Computer system 700 includes one or more processors, such as processor 704. The processor 704 is connected to a communication infrastructure 706 (e.g., a communications bus, cross-over bar, or network). Various software aspects are described in terms of this example computer system. After reading this description, it will become apparent to a person skilled in the relevant art(s) how to implement aspects of the disclosure using other computer systems and/or architectures.
Computer system 700 may include a display interface 702 that forwards graphics, text, and other data from the communication infrastructure 706 (or from a frame buffer not shown) for display on a display unit 730. Computer system 700 also includes a main memory 708, preferably random access memory (RAM), and may also include a secondary memory 710. The secondary memory 710 may include nonvolatile memory, for example, a hard disk drive 712, flash memory and/or a removable storage drive 714, representing a floppy disk drive, a magnetic tape drive, an optical disk drive, etc. The removable storage drive 714 reads from and/or writes to a removable storage unit 718 in a well-known manner. Removable storage unit 718, represents a USB memory drive, SD card, floppy disk, magnetic tape, optical disk, etc., which is read by and written to removable storage drive 714. As will be appreciated, the removable storage unit 718 includes a computer usable storage medium having stored therein computer software and/or data.
In alternative aspects, secondary memory 710 may include other similar devices for allowing computer programs or other instructions to be loaded into computer system 700. Such devices may include, for example, a removable storage unit 722 and an interface 720. Examples of such may include a program cartridge and cartridge interface (such as that found in video game devices), a removable memory chip (such as an erasable programmable read only memory (EPROM), or programmable read only memory (PROM)) and associated socket, and other removable storage units 722 and interfaces 720, which allow software and data to be transferred from the removable storage unit 722 to computer system 700.
Computer system 700 may also include a communications interface 724. Communications interface 724 allows software and data to be transferred between computer system 700 and external devices. Examples of communications interface 724 may include a modem, a network interface (such as an Ethernet card), a communications port, a Personal Computer Memory Card International Association (PCMCIA) slot and card, etc.
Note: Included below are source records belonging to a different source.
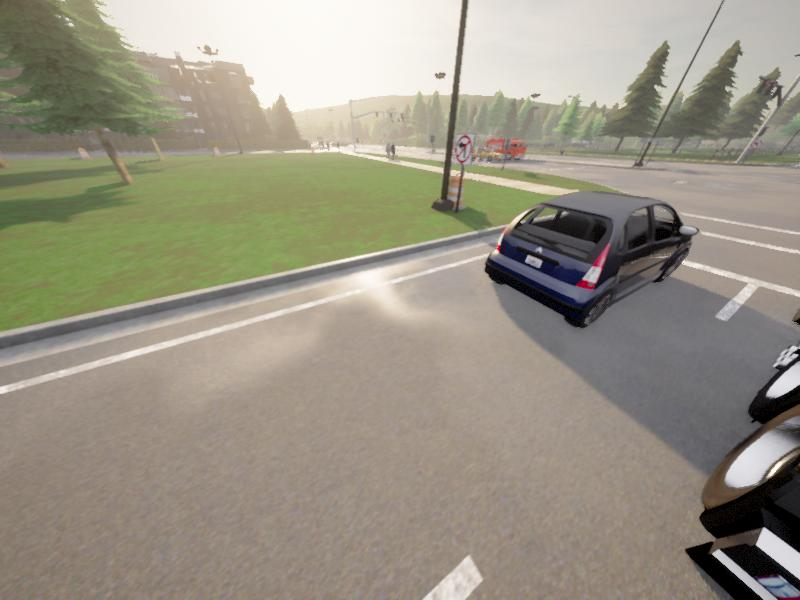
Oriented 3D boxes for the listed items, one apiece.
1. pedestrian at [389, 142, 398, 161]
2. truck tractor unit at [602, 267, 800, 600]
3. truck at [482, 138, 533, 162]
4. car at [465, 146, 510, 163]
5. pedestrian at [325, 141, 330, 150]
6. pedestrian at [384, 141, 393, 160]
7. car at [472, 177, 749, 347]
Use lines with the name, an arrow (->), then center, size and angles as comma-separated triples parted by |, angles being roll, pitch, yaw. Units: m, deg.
pedestrian -> -0.756, -17.150, 26.660 | 0.751, 1.860, 0.751 | -12, 37, -18
truck tractor unit -> 5.118, -0.293, 0.777 | 6.516, 4.208, 3.053 | -18, 39, -24
truck -> 13.987, -19.879, 30.481 | 2.627, 2.467, 5.204 | -17, 39, -24
car -> 10.929, -18.551, 29.326 | 1.801, 1.575, 5.366 | -17, 39, -24
pedestrian -> -16.938, -36.102, 53.970 | 0.751, 1.860, 0.751 | -16, 38, -22
pedestrian -> -1.408, -18.201, 28.161 | 0.751, 1.860, 0.751 | -13, 37, -18
car -> 3.569, -1.048, 4.125 | 3.988, 1.617, 1.851 | -18, 39, -24

Software and data transferred via communications interface 724 are in the form of signals 728, which may be electronic, electromagnetic, optical or other signals capable of being received by communications interface 724. These signals 728 are provided to communications interface 724 via a communications path (e.g., channel) 726. This path 726 carries signals 728 and may be implemented using wire or cable, fiber optics, a telephone line, a cellular link, a radio frequency (RF) link and/or other communications channels. In this document, the terms “computer program medium” and “computer usable medium” are used to refer generally to media such as a removable storage drive 714, a hard disk installed in hard disk drive 712, and signals 728. These computer program products provide software to the computer system 700. Aspects of the disclosure are directed to such computer program products.
Computer programs (also referred to as computer control logic) are stored in main memory 708 and/or secondary memory 710. Computer programs may also be received via communications interface 724. Such computer programs, when executed, enable the computer system 700 to perform various features in accordance with aspects of the present disclosure, as discussed herein. In particular, the computer programs, when executed, enable the processor 704 to perform such features. Accordingly, such computer programs represent controllers of the computer system 700.
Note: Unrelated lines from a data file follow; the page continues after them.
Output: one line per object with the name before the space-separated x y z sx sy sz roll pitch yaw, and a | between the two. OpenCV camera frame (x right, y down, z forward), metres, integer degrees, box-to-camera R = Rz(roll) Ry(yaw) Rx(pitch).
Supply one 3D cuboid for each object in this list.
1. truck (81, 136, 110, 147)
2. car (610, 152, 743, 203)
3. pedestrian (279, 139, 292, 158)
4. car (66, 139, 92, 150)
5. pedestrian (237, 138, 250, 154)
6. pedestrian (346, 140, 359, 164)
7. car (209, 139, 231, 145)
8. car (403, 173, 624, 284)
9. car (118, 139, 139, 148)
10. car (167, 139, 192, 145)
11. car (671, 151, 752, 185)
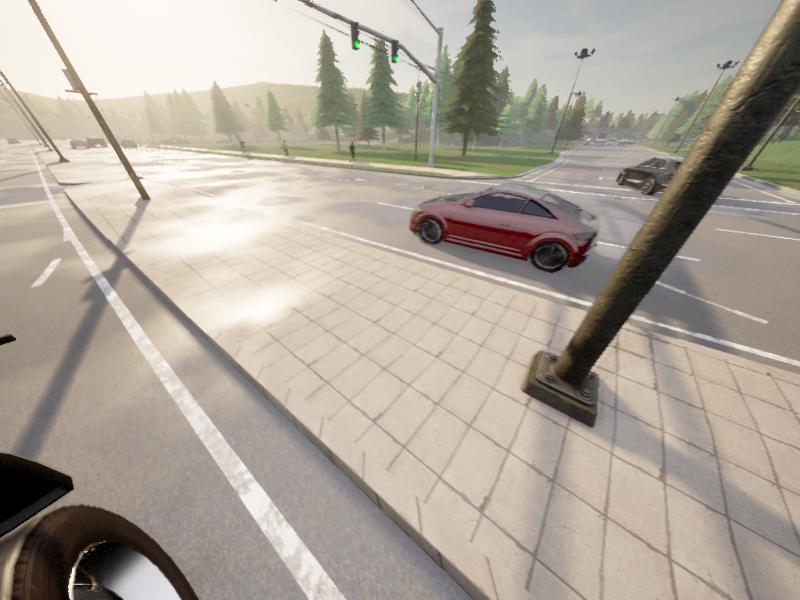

In variations where aspects of the disclosure are implemented using software, the software may be stored in a computer program product and loaded into computer system 700 using removable storage drive 714, hard disk drive 712, or communications interface 720. The control logic (software), when executed by the processor 704, causes the processor 704 to perform the functions in accordance with aspects of the disclosure as described herein. In another variation, aspects are implemented primarily in hardware using, for example, hardware components, such as application specific integrated circuits (ASICs). Implementation of the hardware state machine so as to perform the functions described herein will be apparent to persons skilled in the relevant art(s).
In yet another example variation, aspects of the disclosure are implemented using a combination of both hardware and software.
FIG. 8 is a block diagram of various example system components (e.g., on a network) that may be used in accordance with aspects of the present disclosure. The system 800 may include one or more accessors 860, 862 (also referred to interchangeably herein as one or more “users”) and one or more terminals 842, 866. In one aspect, data for use in accordance with aspects of the present disclosure may, for example, be input and/or accessed by accessors 860, 862 via terminals 842, 866, such as personal computers (PCs), minicomputers, mainframe computers, microcomputers, telephonic devices, or wireless devices, such as personal digital assistants (“PDAs”) or a hand-held wireless devices coupled to a server 843, such as a PC, minicomputer, mainframe computer, microcomputer, or other device having a processor and a repository for data and/or connection to a repository for data, via, for example, a network 844, such as the Internet or an intranet, and couplings 845, 846, 864. The couplings 845, 846, 864 include, for example, wired, wireless, or fiber optic links. In another example variation, the method and system in accordance with aspects of the present disclosure operate in a stand-alone environment, such as on a single terminal.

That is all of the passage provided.